The projection of the vector `vecA = hati - 2hatj + hatk` on the vector `vecB = 4hati - 4hatj + 7hatk` is

To find the projection of the vector \(\vec{A} = \hat{i} - 2\hat{j} + \hat{k}\) on the vector \(\vec{B} = 4\hat{i} - 4\hat{j} + 7\hat{k}\), we can use the formula for the projection of one vector onto another.

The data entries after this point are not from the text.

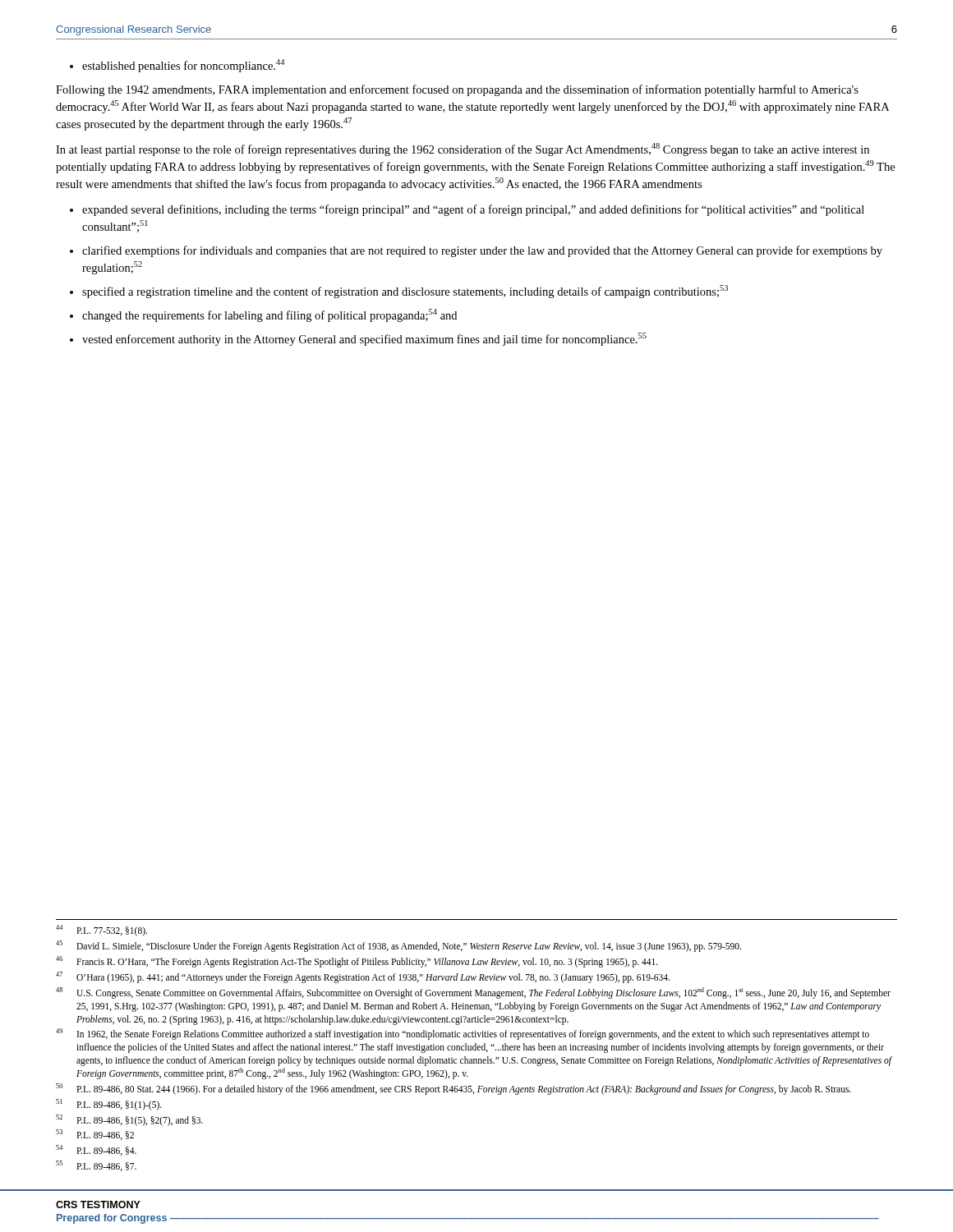Point to the text block starting "51 P.L. 89-486, §1(1)-(5)."

pos(109,1105)
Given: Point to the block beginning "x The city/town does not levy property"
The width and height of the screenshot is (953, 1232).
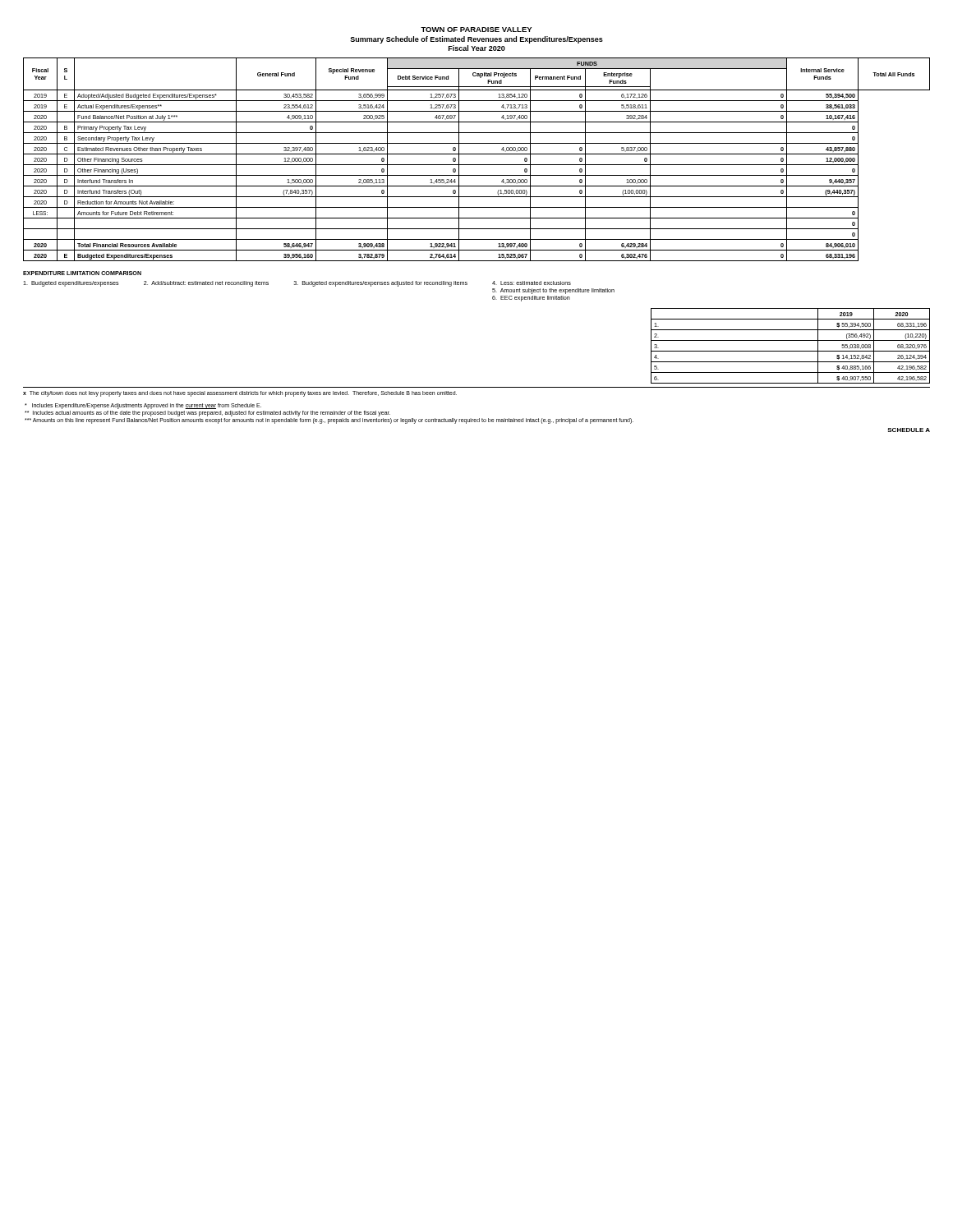Looking at the screenshot, I should click(x=240, y=393).
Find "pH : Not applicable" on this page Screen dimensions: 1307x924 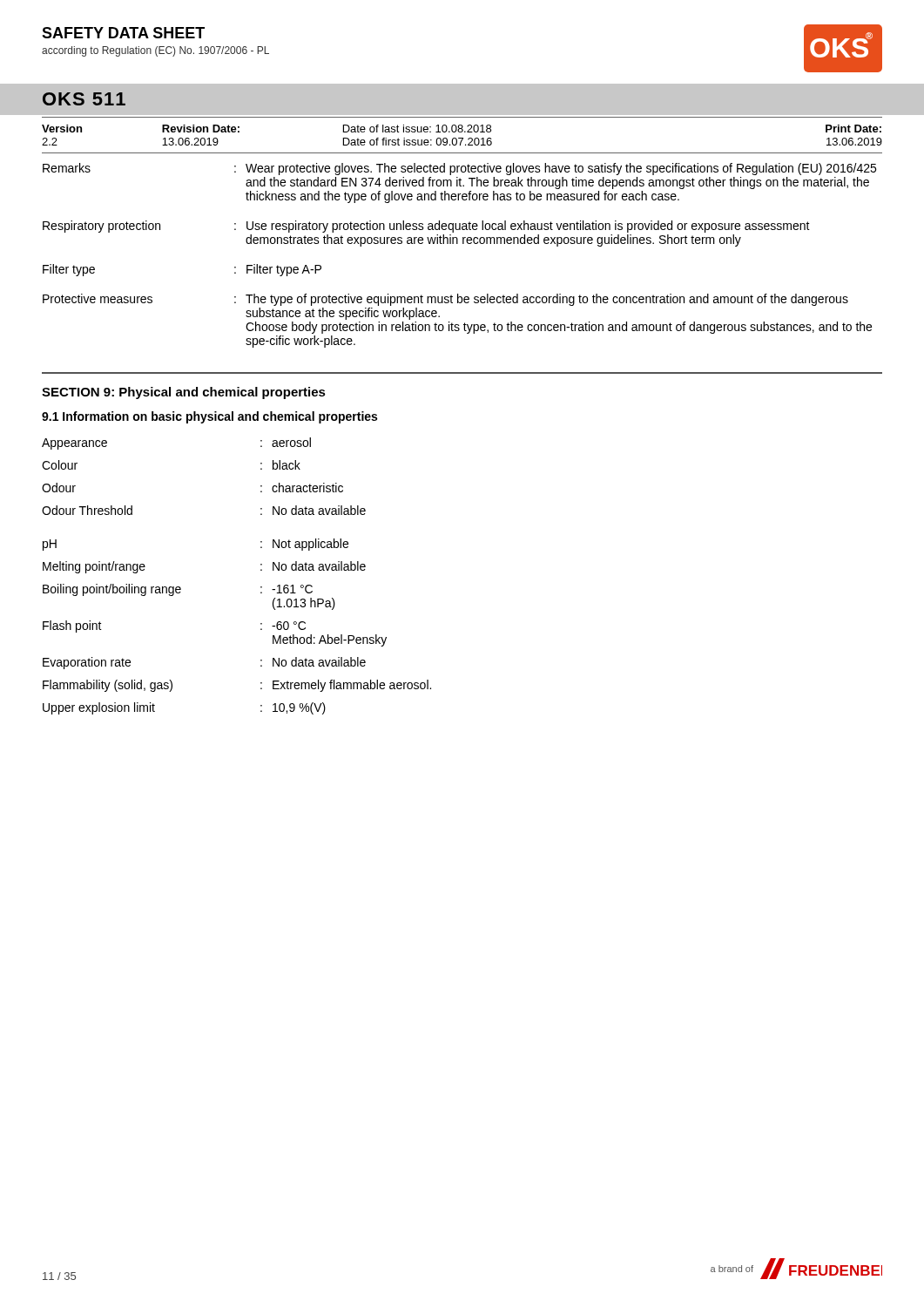(53, 544)
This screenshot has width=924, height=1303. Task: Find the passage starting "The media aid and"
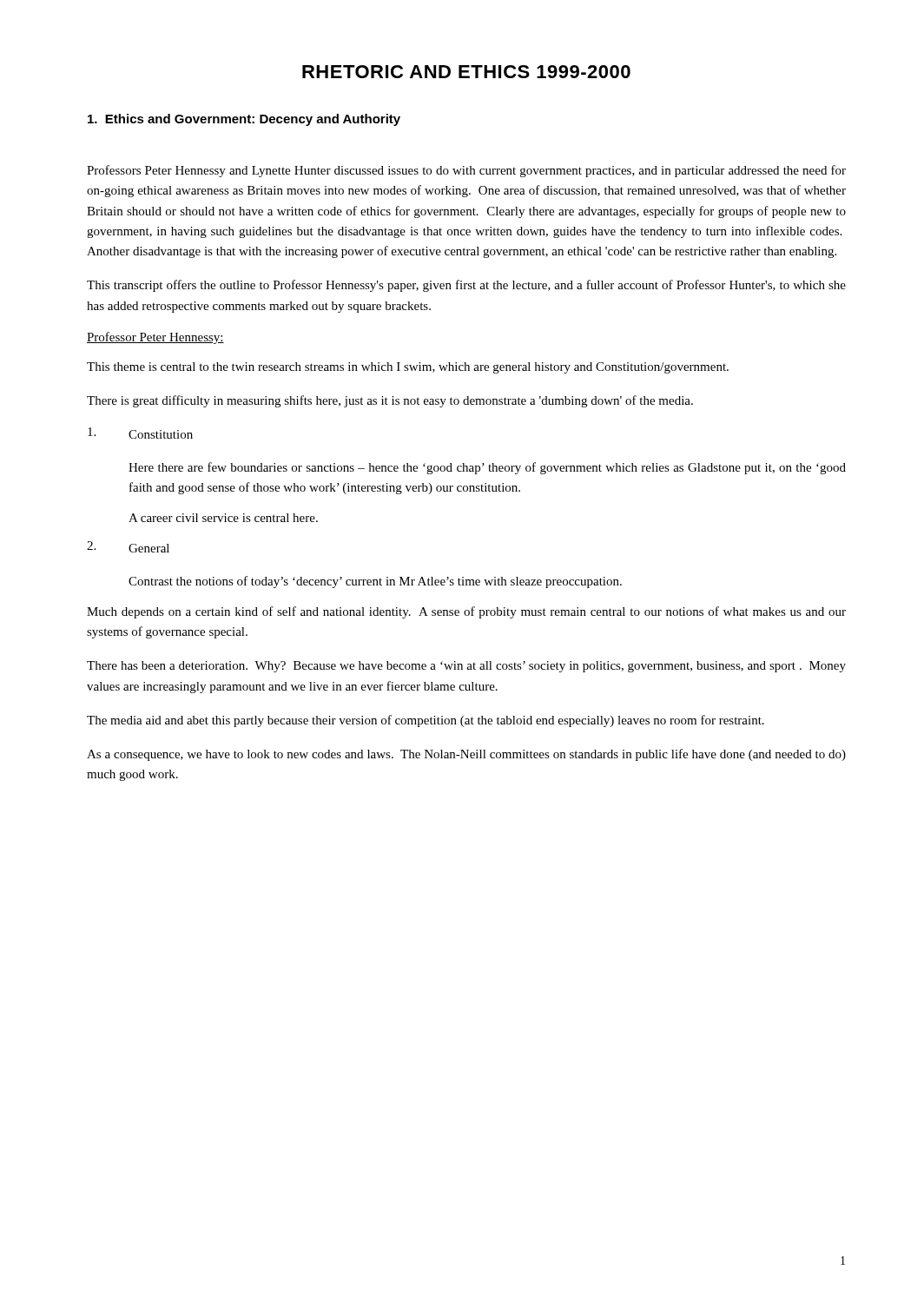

The projection of vector \(\vec{A}\) onto vector \(\vec{B}\) is given by: \[ \text{Projection of } \vec{A} \text{ on } \vec{B} = \frac{\vec{A} \cdot \vec{B}}{|\vec{B}|} \] ### Step 1: Calculate the dot product \(\vec{A} \cdot \vec{B}\) The dot product of two vectors \(\vec{A} = a_1\hat{i} + a_2\hat{j} + a_3\hat{k}\) and \(\vec{B} = b_1\hat{i} + b_2\hat{j} + b_3\hat{k}\) is calculated as: \[ \vec{A} \cdot \vec{B} = a_1b_1 + a_2b_2 + a_3b_3 \] For our vectors: - \(a_1 = 1\), \(a_2 = -2\), \(a_3 = 1\) (from \(\vec{A}\)) - \(b_1 = 4\), \(b_2 = -4\), \(b_3 = 7\) (from \(\vec{B}\)) Now, substituting these values into the dot product formula: \[ \vec{A} \cdot \vec{B} = (1)(4) + (-2)(-4) + (1)(7) \] Calculating each term: \[ = 4 + 8 + 7 = 19 \] ### Step 2: Calculate the magnitude of vector \(\vec{B}\) The magnitude of a vector \(\vec{B} = b_1\hat{i} + b_2\hat{j} + b_3\hat{k}\) is given by: \[ |\vec{B}| = \sqrt{b_1^2 + b_2^2 + b_3^2} \] Substituting the values from \(\vec{B}\): \[ |\vec{B}| = \sqrt{4^2 + (-4)^2 + 7^2} \] Calculating each term: \[ = \sqrt{16 + 16 + 49} = \sqrt{81} = 9 \] ### Step 3: Calculate the projection of \(\vec{A}\) on \(\vec{B}\) Now, substituting the values of the dot product and the magnitude into the projection formula: \[ \text{Projection of } \vec{A} \text{ on } \vec{B} = \frac{\vec{A} \cdot \vec{B}}{|\vec{B}|} = \frac{19}{9} \] ### Final Answer The projection of vector \(\vec{A}\) on vector \(\vec{B}\) is: \[ \frac{19}{9} \] ---